# how many tip-ups?



## claytonhaske (Apr 16, 2010)

i am new to ice fishing and wanted to ask you guys a question about tip-ups. how many can one person use? is it like regular fishing, 2 lines/poles per fisher? i know i can search the internet for the answer, or call the odnr, but i figure i can get better responses from people who actually use them. thanks, Clayton


----------



## Steelhead Fever (Dec 31, 2009)

Im pretty sure 7....


----------



## peon (Feb 28, 2005)

6 tipups and 2 rods


----------



## nixmkt (Mar 4, 2008)

Make sure that you have your name and address on them.
Here is some info. from the website and what's on the license pamphlet:
ICE ANGLERS may use holes no larger than 12 inches in diameter. In Lake Erie ice anglers may use holes no larger than 12 inches in width. Ice anglers may not use more than 6 tip-ups and 2 rods per person. All shelters and tip-ups must display the name and address of the owner or user in English lettering.


----------



## 74chrysler (Apr 9, 2008)

What about 6 tip downs and two rods? Guys in Wisconsin got me hooked on these things.


----------



## beaver (Sep 28, 2010)

claytonhaske said:


> i know i can search the internet for the answer, or call the odnr, but i figure i can get better responses from people who actually use them. thanks, Clayton


You havent been on this site very long, have you?


----------



## snake69 (Sep 26, 2005)

Yes, 6 tip ups and two rods in Ohio. But like was mentioned, you must have(legally required anyhow!) your name, address and ph number on each, just like your shanty. I put the little address stickers on mine, but in 8-9 yrs, have only seen the fish police once on the ice. And that guy had no coat(maybe 20 degrees),, no cleats and no life preserver. Oh..., I gave him h#@l, but he looked at me like "no big deal"!! Anyhow, good luck out there! Snake


----------



## nixmkt (Mar 4, 2008)

snake69 said:


> But like was mentioned, you must have(legally required anyhow!) your name, address and ph number on each, just like your shanty.

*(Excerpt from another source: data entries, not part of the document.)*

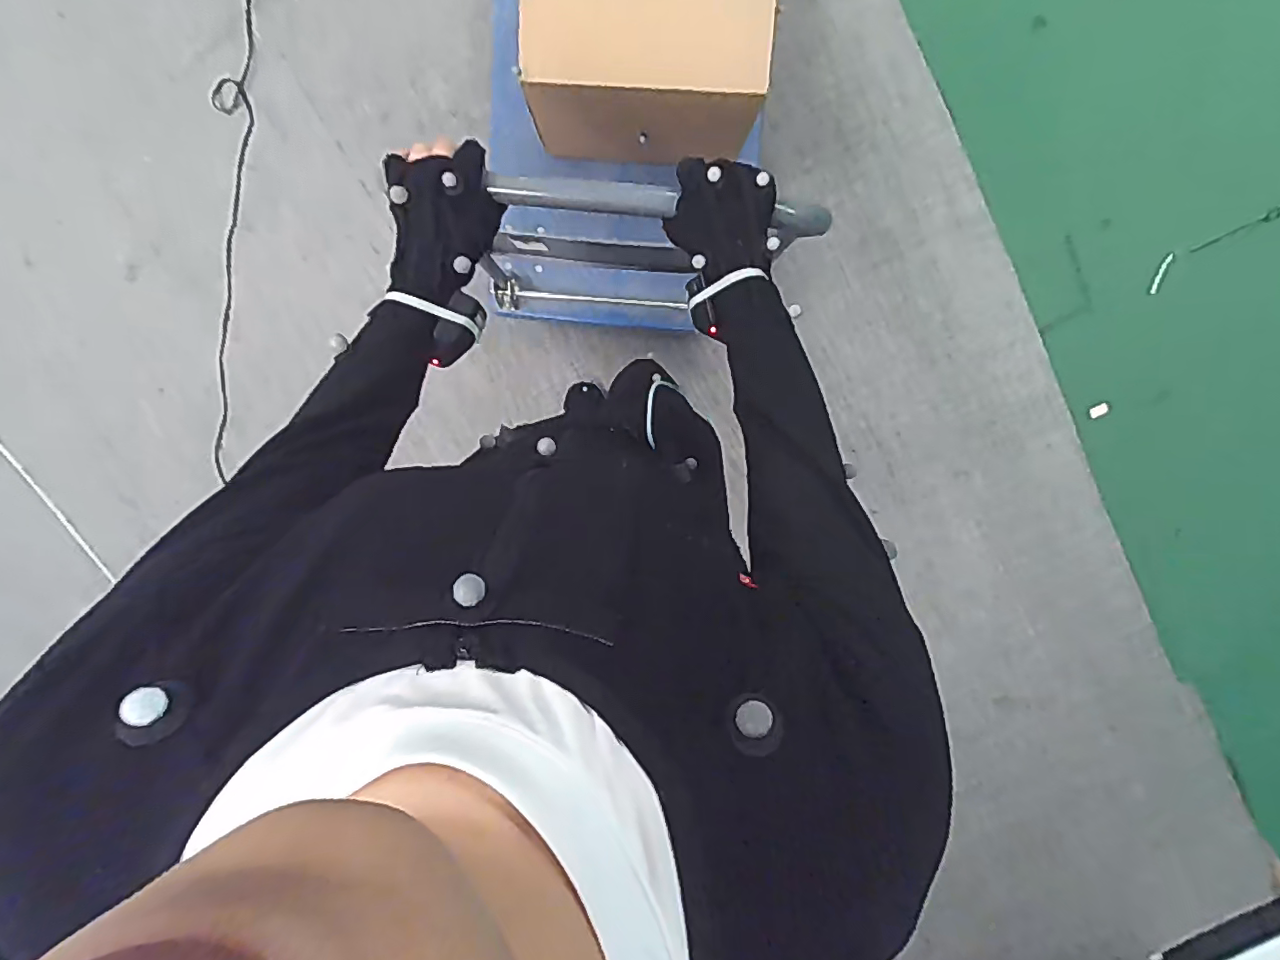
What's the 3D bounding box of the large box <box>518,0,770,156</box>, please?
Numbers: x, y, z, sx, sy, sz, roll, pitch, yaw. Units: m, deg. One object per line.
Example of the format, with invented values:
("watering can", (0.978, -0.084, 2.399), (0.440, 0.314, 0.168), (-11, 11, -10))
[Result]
("large box", (0.007, -0.817, 0.987), (0.408, 0.320, 0.320), (1, 101, -1))
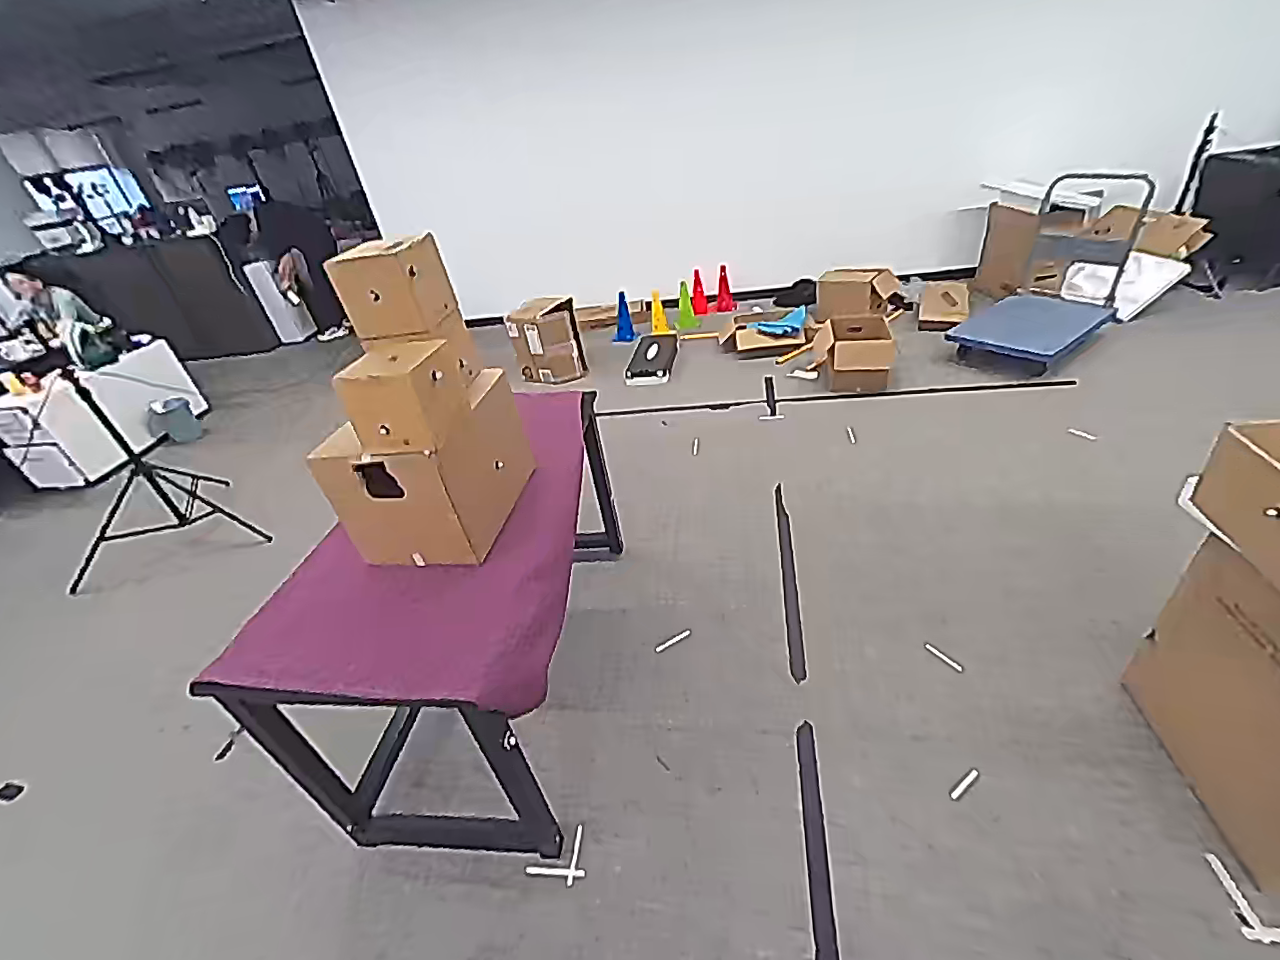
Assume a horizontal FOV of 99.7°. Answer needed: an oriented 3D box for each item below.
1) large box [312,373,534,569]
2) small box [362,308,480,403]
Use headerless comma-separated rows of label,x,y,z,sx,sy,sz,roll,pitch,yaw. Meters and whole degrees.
large box,-0.495,-0.030,1.345,0.320,0.320,0.408,-4,36,12
small box,-0.515,-0.295,1.295,0.179,0.176,0.168,-3,37,12

Where have you seen the reg requiring the phone no.? I am aware of only the name and address, from both the license pamphlet (shown earlier) and OAC 1501:31-13-01 (A) (5)

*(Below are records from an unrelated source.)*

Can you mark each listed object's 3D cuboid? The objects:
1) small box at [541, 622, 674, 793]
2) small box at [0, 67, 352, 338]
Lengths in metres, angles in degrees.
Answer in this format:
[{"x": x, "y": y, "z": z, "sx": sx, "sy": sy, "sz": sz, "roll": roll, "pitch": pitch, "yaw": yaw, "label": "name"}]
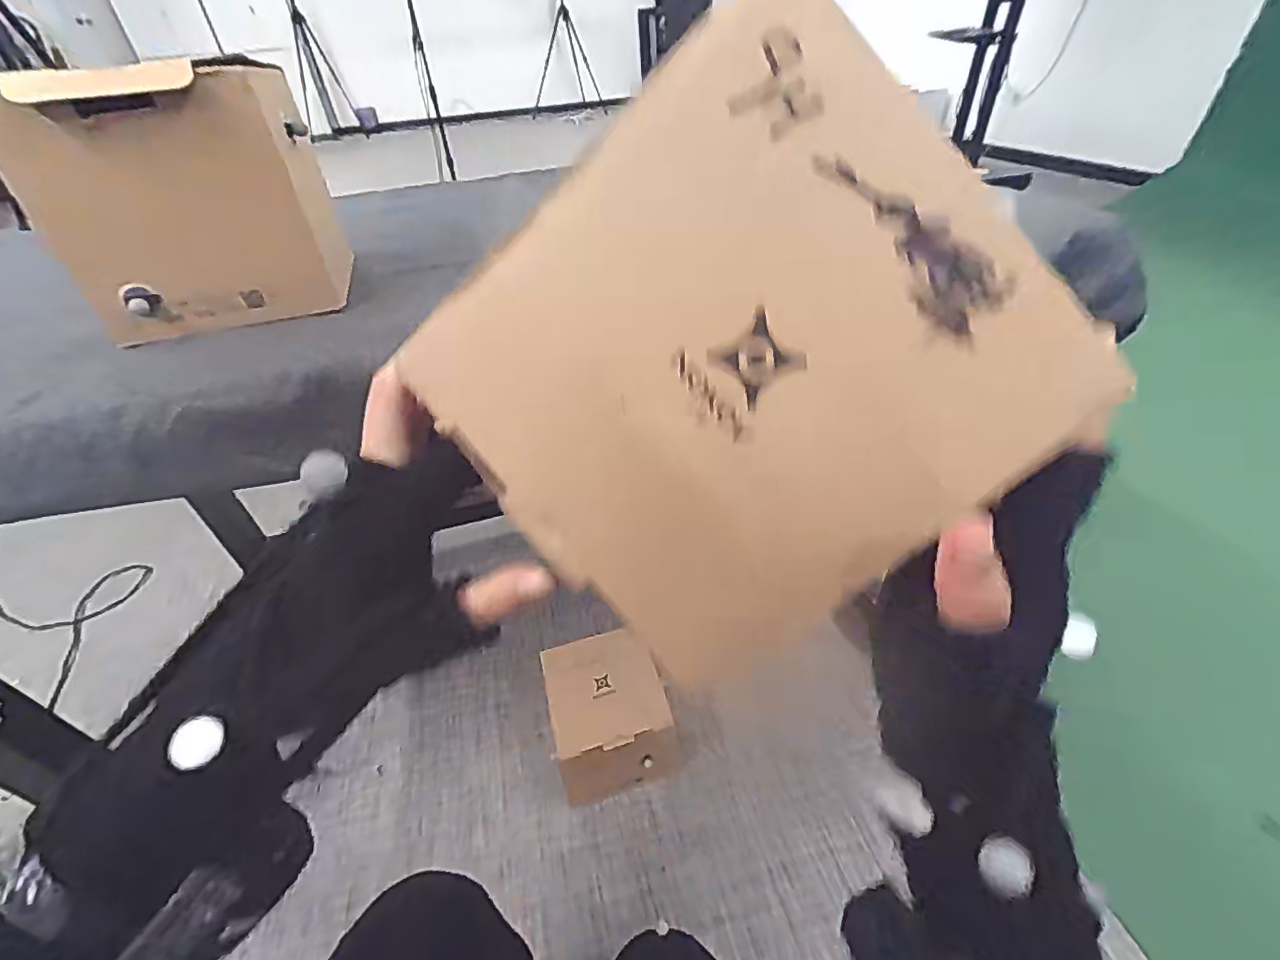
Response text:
[{"x": -0.050, "y": 0.362, "z": 0.853, "sx": 0.168, "sy": 0.176, "sz": 0.179, "roll": -14, "pitch": 39, "yaw": -11, "label": "small box"}, {"x": -0.362, "y": -0.232, "z": 0.454, "sx": 0.168, "sy": 0.176, "sz": 0.179, "roll": -16, "pitch": 39, "yaw": -13, "label": "small box"}]
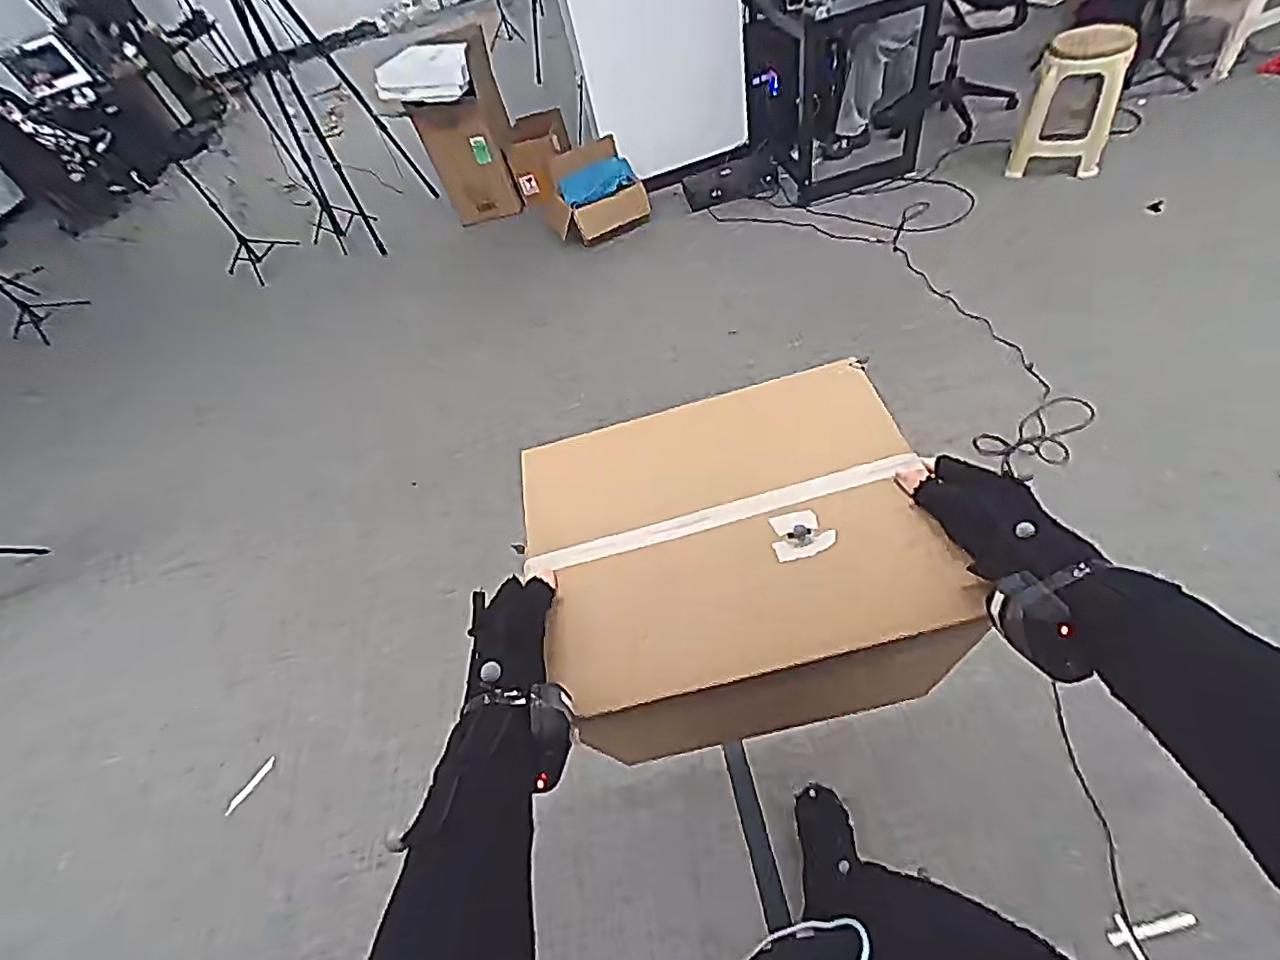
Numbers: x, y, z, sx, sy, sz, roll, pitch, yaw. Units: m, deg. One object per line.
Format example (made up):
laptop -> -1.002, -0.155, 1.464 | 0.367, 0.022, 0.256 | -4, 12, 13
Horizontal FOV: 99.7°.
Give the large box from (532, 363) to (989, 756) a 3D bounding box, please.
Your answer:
large box -> 0.114, 0.117, 0.683 | 0.408, 0.320, 0.320 | -16, 55, 3

(5) Throughout the state, it shall be unlawful for any person to use tipups, float lines, trotlines, set lines, bank lines, turtle traps, or an ice fishing shelter which does not have attached thereon the name and address of the owner or user in legible letters in the English language. The name and address shall be exhibited on the outer part of the structure of an ice fishing shelter.


----------



## stex1220 (Mar 23, 2009)

nixmkt said:


> All shelters and tip-ups must display the name and address of the owner or user in English lettering.


I thought you only had to have your name and address on a shelter if it was left there not being used?


----------



## Steelhead Fever (Dec 31, 2009)

sorry its six!!!!!! MY BAD!!


----------



## icebucketjohn (Dec 22, 2005)

Yep, 6 per person, but sometimes if I'm with my son, I'll bring along a few for him also.


----------



## nixmkt (Mar 4, 2008)

stex1220 said:


> I thought you only had to have your name and address on a shelter if it was left there not being used?


Nope. Heard that is why the rule was added though. People would build shacks on the ice and just leave them there to become navigation or pollution problems when the ice melted.

Don't know the specific regs but on most if not all public waters you are not allowed to leave a shelter out on the ice unattended. Not a good idea nowadays anyway even if it was allowed. Most likely it would either be stolen or trashed when you returned.


----------



## Eliminator (Aug 26, 2006)

icebucketjohn said:


> Yep, 6 per person, but sometimes if I'm with my son, I'll bring along a few for him also.


Icebucket, every time I see that handywork of yours I crave for a ham and swiss sandwich lol! I don't know why!


----------



## claytonhaske (Apr 16, 2010)

Thanks guys, I have 1 tip-up, and 1 rod. The tip up I have is the one with the wind flap that jigs your bait for you when the wind blows. Looks like I have to get more now.....


----------



## Bluegillin' (Jan 28, 2009)

I know that some type of rule must be established, but it never made sense to me that I couldn't have 3-4 rods in a rod holder, yet I could have 2 rods with 6 other lines out on a tip. If I have a rod in a holder with a minnow on the line, how is that different than a tip with a minnow on the end. One of those questions in life that I may never have an answer to.


----------



## Jigging Jim (Apr 3, 2010)

Bluegillin' said:


> I know that some type of rule must be established, but it never made sense to me that I couldn't have 3-4 rods in a rod holder, yet I could have 2 rods with 6 other lines out on a tip. If I have a rod in a holder with a minnow on the line, how is that different than a tip with a minnow on the end. One of those questions in life that I may never have an answer to.


It may have something to do with the "tradition" of Ice Fishing. Traditional Gear includes some Tip-ups and a Jigging Stick or two.


----------



## hardwaterfan (Apr 6, 2004)

if you want to go on that track...i almost always release every single thing i catch through the ice, so what difference does it make if i use 3 or 4 lines or whatnot...at the end of the day it makes absolutely no difference. id never use more than the law allows though, wouldnt feel right to me....dishonorable.


----------